Copy exactly the lines from the first line of the records below through the line containing "14. car (711,844,972,954)", including both, and nothing else.

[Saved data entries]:
- - - - -

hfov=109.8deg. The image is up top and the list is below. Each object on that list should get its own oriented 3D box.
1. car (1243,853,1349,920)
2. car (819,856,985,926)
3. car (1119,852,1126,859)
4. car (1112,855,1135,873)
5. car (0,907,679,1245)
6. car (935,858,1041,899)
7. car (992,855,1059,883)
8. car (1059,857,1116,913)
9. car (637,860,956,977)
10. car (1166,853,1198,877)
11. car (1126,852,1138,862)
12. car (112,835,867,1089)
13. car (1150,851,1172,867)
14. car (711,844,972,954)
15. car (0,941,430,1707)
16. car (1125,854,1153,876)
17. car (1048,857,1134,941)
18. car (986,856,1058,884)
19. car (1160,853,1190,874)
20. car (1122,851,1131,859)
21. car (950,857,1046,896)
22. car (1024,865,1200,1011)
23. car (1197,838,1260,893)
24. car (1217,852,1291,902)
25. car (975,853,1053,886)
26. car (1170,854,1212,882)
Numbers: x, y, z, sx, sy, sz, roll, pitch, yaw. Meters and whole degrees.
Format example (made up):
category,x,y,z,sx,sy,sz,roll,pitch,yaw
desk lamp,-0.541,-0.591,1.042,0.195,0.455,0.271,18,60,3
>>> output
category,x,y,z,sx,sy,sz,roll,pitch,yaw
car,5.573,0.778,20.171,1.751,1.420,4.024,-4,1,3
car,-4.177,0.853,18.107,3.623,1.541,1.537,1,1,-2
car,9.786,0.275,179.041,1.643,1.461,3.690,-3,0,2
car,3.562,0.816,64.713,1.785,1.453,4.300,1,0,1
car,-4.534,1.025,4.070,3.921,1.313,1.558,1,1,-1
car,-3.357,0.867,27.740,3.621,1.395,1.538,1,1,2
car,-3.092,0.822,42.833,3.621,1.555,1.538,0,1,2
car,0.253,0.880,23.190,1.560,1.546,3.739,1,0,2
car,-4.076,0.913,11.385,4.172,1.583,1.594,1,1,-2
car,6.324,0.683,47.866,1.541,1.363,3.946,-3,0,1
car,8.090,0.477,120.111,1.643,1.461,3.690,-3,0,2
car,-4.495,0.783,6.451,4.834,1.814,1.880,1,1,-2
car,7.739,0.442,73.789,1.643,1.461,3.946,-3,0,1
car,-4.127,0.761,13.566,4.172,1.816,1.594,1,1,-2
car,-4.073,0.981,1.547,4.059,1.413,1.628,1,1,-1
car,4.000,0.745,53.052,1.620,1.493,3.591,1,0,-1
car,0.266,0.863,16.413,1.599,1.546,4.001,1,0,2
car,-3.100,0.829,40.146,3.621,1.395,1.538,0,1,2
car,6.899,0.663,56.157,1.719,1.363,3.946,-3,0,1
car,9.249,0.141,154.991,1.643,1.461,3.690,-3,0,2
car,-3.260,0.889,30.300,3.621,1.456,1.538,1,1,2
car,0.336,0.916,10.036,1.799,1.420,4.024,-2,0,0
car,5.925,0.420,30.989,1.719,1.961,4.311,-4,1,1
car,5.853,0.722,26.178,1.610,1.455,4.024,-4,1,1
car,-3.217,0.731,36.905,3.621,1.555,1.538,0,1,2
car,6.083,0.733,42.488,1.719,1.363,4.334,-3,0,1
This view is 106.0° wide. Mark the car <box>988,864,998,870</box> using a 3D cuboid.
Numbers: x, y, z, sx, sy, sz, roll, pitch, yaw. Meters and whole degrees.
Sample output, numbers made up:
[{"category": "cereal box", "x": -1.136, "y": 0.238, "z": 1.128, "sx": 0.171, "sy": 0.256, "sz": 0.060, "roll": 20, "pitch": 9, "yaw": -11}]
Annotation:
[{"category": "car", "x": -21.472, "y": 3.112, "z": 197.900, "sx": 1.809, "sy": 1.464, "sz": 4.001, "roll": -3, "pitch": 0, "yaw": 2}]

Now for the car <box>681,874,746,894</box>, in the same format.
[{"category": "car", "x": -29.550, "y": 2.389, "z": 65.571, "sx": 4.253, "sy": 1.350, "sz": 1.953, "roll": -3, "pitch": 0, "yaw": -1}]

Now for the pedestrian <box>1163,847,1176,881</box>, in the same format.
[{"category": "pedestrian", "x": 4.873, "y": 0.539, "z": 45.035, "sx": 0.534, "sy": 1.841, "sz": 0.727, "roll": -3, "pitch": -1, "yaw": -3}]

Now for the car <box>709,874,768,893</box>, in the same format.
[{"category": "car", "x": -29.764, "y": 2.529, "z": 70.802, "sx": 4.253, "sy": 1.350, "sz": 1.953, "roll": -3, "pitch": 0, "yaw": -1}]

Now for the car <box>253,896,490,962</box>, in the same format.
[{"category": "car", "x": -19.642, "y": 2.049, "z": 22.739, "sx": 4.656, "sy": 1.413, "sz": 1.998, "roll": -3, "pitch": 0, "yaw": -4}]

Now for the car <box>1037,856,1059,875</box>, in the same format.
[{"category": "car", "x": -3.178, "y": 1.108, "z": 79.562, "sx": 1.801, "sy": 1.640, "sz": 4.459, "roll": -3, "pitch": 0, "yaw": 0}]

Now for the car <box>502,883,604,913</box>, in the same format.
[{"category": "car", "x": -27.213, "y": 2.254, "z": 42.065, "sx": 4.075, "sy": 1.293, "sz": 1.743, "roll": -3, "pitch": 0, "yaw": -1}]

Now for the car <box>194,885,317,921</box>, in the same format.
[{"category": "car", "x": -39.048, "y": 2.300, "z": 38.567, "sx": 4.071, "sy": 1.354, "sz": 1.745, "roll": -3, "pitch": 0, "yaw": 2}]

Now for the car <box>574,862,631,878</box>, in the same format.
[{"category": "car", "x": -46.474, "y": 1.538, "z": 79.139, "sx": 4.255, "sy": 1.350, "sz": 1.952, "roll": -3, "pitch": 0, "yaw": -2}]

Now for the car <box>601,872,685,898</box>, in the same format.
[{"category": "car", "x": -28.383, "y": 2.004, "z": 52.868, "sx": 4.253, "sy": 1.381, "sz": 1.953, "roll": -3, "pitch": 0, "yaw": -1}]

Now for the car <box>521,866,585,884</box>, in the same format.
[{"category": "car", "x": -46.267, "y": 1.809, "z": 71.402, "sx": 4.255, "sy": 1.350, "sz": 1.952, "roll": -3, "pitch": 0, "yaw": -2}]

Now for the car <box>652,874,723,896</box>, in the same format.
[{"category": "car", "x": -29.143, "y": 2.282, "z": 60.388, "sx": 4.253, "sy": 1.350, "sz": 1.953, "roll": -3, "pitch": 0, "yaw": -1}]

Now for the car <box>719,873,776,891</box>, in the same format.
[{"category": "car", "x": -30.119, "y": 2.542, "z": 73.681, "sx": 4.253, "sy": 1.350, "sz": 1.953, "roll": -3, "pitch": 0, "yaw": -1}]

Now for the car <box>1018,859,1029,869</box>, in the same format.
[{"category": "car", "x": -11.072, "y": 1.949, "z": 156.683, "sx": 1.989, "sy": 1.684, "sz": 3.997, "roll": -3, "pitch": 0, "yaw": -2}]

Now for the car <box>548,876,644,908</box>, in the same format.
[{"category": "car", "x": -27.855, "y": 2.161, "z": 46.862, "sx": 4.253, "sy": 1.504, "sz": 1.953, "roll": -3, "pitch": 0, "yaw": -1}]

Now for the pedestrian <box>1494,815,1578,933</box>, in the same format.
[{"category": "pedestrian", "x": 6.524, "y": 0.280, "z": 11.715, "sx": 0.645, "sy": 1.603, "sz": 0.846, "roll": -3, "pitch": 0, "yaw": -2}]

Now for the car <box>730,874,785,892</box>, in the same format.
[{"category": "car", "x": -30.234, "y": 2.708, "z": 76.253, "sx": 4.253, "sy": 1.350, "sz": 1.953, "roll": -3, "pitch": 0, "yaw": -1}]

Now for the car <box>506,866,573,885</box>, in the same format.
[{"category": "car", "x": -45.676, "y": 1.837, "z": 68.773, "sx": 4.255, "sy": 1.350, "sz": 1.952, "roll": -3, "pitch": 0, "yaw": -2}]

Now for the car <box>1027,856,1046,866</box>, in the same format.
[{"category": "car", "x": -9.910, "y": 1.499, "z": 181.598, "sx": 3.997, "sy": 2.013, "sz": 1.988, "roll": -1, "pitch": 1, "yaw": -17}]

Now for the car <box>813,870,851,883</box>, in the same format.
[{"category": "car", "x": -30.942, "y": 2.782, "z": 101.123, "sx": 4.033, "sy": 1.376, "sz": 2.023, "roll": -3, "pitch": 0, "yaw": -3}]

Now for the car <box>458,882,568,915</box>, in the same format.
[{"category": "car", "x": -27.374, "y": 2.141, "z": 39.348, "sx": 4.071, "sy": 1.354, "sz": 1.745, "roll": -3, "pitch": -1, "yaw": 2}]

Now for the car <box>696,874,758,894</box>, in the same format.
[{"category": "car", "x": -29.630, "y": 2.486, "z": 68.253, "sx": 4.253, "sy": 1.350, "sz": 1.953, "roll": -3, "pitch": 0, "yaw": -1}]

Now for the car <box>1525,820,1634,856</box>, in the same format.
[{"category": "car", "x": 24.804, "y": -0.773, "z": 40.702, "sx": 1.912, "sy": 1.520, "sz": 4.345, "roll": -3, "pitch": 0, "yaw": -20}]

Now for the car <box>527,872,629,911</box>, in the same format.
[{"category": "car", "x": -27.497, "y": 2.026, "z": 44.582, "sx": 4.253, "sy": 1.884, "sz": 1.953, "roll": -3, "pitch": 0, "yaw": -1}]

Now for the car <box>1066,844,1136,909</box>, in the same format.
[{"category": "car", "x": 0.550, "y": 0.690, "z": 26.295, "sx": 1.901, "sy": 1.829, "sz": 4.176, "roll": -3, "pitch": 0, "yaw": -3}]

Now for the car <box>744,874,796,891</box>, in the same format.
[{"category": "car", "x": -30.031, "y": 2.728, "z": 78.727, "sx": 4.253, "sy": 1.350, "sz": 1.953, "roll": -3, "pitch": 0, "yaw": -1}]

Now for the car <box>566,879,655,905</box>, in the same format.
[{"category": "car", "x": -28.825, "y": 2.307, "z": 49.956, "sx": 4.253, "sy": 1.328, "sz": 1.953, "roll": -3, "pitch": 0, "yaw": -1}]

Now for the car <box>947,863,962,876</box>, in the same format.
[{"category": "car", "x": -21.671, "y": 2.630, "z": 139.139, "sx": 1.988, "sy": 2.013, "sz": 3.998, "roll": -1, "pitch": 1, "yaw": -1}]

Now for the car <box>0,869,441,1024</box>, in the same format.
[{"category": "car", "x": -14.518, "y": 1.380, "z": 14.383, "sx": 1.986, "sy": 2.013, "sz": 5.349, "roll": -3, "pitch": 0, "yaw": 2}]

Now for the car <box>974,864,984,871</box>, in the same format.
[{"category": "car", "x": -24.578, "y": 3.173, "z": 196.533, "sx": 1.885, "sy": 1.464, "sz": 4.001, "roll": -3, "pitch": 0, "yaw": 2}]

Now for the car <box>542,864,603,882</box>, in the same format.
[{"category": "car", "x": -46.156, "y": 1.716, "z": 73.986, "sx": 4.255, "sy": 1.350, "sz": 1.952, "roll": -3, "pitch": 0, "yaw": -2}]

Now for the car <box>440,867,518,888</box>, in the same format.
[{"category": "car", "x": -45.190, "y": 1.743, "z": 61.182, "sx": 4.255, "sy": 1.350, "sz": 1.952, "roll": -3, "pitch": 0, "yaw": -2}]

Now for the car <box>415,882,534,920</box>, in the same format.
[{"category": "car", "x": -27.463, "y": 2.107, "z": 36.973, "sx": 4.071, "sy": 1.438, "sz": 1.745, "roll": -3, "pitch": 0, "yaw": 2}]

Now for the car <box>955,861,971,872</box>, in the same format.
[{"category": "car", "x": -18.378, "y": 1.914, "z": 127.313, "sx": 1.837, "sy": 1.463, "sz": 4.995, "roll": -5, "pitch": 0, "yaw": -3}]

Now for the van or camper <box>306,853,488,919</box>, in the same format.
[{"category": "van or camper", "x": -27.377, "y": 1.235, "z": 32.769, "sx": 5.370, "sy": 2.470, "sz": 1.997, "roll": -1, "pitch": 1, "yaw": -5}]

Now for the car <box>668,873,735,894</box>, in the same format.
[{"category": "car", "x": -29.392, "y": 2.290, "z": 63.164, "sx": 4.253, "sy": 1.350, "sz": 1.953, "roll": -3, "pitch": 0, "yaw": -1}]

- - - - -

[Written response]:
hfov=109.8deg. The image is up top and the list is below. Each object on that list should get its own oriented 3D box.
1. car (1243,853,1349,920)
2. car (819,856,985,926)
3. car (1119,852,1126,859)
4. car (1112,855,1135,873)
5. car (0,907,679,1245)
6. car (935,858,1041,899)
7. car (992,855,1059,883)
8. car (1059,857,1116,913)
9. car (637,860,956,977)
10. car (1166,853,1198,877)
11. car (1126,852,1138,862)
12. car (112,835,867,1089)
13. car (1150,851,1172,867)
14. car (711,844,972,954)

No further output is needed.